The Housemaid’s Child — Freida McFadden
The third Housemaid novel — a series that became one of the defining thriller successes of the 2020s — follows a new housemaid, a new house, and a new set of secrets. McFadden continues to deliver exactly what her readers want: propulsive, twist-heavy domestic suspense with an unreliable-narrator structure.
Best Romance of 2024
Funny Story — Emily Henry
Daphne has been left by her fiancé for his childhood best friend. Miles’s girlfriend has just left him for the same person. Practical solution: move in together. Emily Henry’s fourth novel is her warmest and most internally consistent, delivering the slow-burn enemies-to-flatmates-to-lovers dynamic with the wit and emotional intelligence that has made her the defining voice in contemporary romance.
Just for the Summer — Abby Jimenez
Abby Jimenez’s (Part of Your World) fourth novel introduces the “curse” concept: two unlucky-in-love people who keep accidentally helping each other move on. Funny, warm, and fast-reading — exactly the contemporary romance formula executed at its best.
Best Nonfiction of 2024
The Anxious Generation — Jonathan Haidt
Haidt’s follow-up to The Coddling of the American Mind makes the case that the smartphone-driven rewiring of childhood — specifically the shift from phone-free play to phone-based life around 2012 — is the primary driver of the adolescent mental health crisis. Whether or not you accept the full thesis, the data Haidt marshals is serious and the policy proposals (no smartphones before 14, no social media before 16) are worth engaging with. The year’s most consequential popular nonfiction.
Supercommunicators — Charles Duhigg
Duhigg (The Power of Habit, Smarter Faster Better) turns his attention to the science of conversation — why some people make every discussion feel like a genuine exchange while others talk past each other. The book identifies the different types of conversations (practical, emotional, social) and explains why miscommunication happens when people are in different modes without knowing it.
Good Energy — Dr. Casey Means
The year’s most talked-about health book makes a metabolic case for chronic disease: that most of the dominant conditions of modern life — obesity, anxiety, depression, infertility — share a root cause in disrupted cellular energy metabolism. Means, a Stanford-trained surgeon who left medicine to address root causes, writes with genuine scientific rigour and appropriate acknowledgement of what isn’t yet proven.

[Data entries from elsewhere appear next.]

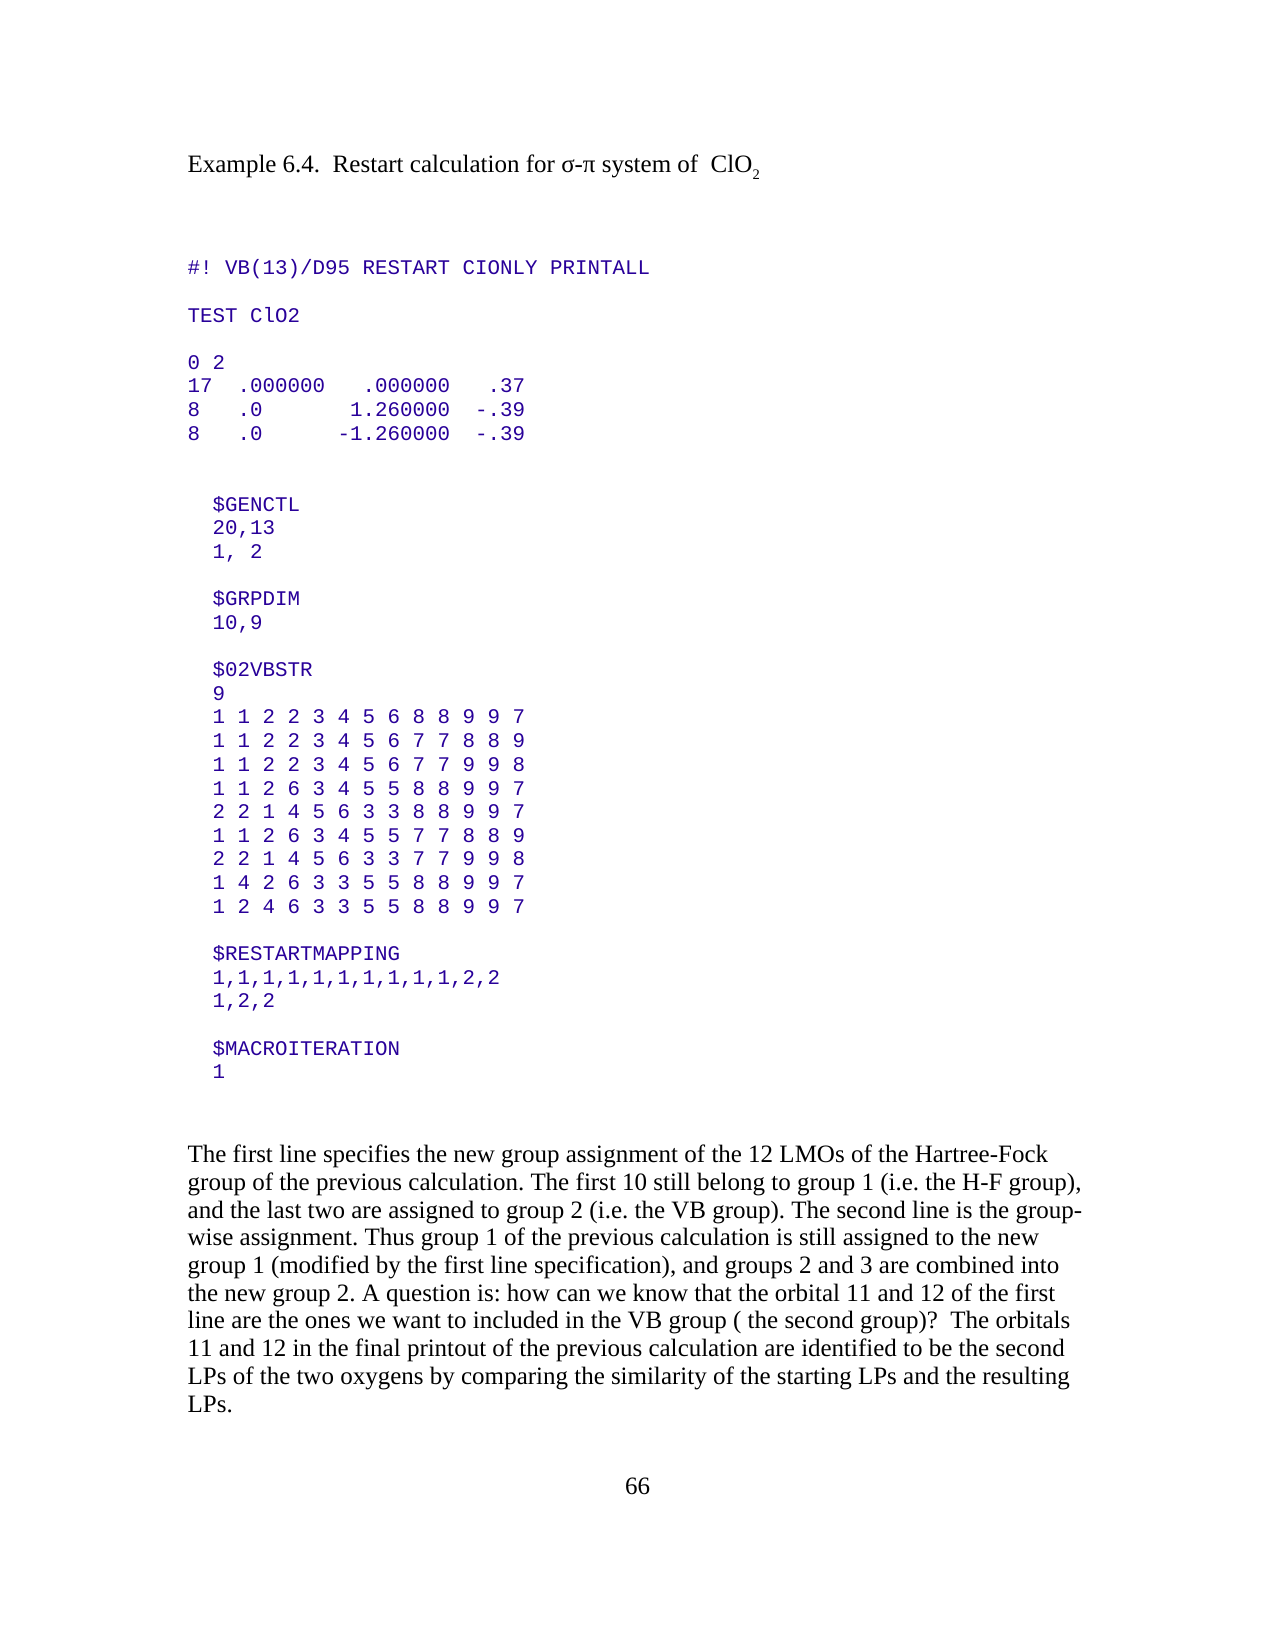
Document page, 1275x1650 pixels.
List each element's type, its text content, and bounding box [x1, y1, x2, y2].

text 1,2,2 [187, 990, 1087, 1014]
text 10,9 [187, 612, 1087, 636]
text 1 1 2 2 3 4 5 6 8 8 9 9 7 [187, 707, 1087, 730]
text $GRPDIM [187, 588, 1087, 612]
text 0 2 [187, 352, 1087, 376]
text 17 .000000 .000000 .37 [187, 376, 1087, 399]
text The first line specifies the new group assignment of the 12 LMOs of the Hartree-Fock group of the previous calculation. The first 10 still belong to group 1 (i.e. the H-F group), and the last two are assigned to group 2 (i.e. the VB group). The second line is the group-wise assignment. Thus group 1 of the previous calculation is still assigned to the new group 1 (modified by the first line specification), and groups 2 and 3 are combined into the new group 2. A question is: how can we know that the orbital 11 and 12 of the first line are the ones we want to included in the VB group ( the second group)? The orbitals 11 and 12 in the final printout of the previous calculation are identified to be the second LPs of the two oxygens by comparing the similarity of the starting LPs and the resulting LPs. [187, 1140, 1087, 1417]
text $MACROITERATION [187, 1038, 1087, 1061]
text $02VBSTR [187, 659, 1087, 683]
text 1 1 2 2 3 4 5 6 7 7 9 9 8 [187, 754, 1087, 777]
text 8 .0 -1.260000 -.39 [187, 423, 1087, 446]
text 2 2 1 4 5 6 3 3 7 7 9 9 8 [187, 848, 1087, 872]
text Example 6.4. Restart calculation for σ-π system of ClO2 [187, 150, 1087, 182]
text 1 1 2 2 3 4 5 6 7 7 8 8 9 [187, 730, 1087, 754]
text 1, 2 [187, 541, 1087, 565]
text 1 1 2 6 3 4 5 5 7 7 8 8 9 [187, 825, 1087, 848]
text 20,13 [187, 517, 1087, 541]
text 1,1,1,1,1,1,1,1,1,1,2,2 [187, 967, 1087, 990]
text 2 2 1 4 5 6 3 3 8 8 9 9 7 [187, 801, 1087, 825]
text 1 4 2 6 3 3 5 5 8 8 9 9 7 [187, 872, 1087, 896]
text TEST ClO2 [187, 304, 1087, 328]
text #! VB(13)/D95 RESTART CIONLY PRINTALL [187, 257, 1087, 281]
text 1 1 2 6 3 4 5 5 8 8 9 9 7 [187, 777, 1087, 801]
text 1 [187, 1061, 1087, 1085]
text $RESTARTMAPPING [187, 943, 1087, 967]
text 8 .0 1.260000 -.39 [187, 399, 1087, 423]
text 9 [187, 683, 1087, 707]
text 1 2 4 6 3 3 5 5 8 8 9 9 7 [187, 896, 1087, 919]
text $GENCTL [187, 494, 1087, 517]

Frequently Asked Questions
What was the best novel of 2024?
The standout novels of 2024 span several genres. Wind and Truth (Brandon Sanderson) concluded the first Stormlight Archive arc after fourteen years. The Women (Kristin Hannah) was the year's most widely read literary historical fiction. James (Percival Everett) won the Pulitzer Prize. We Do Not Part (Han Kang) came from the 2024 Nobel laureate. Intermezzo (Sally Rooney) was the year's most anticipated literary debut.
What was the most popular book of 2024?
In terms of sales, House of Flame and Shadow (Sarah J. Maas), Funny Story (Emily Henry), and Wind and Truth (Brandon Sanderson) were among the year's biggest commercial successes. Onyx Storm (Rebecca Yarros, published January 2025) was anticipated heavily throughout 2024.
What nonfiction books came out in 2024?
Notable 2024 nonfiction included The Anxious Generation (Jonathan Haidt) on social media and youth mental health, Supercommunicators (Charles Duhigg) on the science of conversation, Good Energy (Dr Casey Means) on metabolic health, and Revenge of the Tipping Point (Malcolm Gladwell).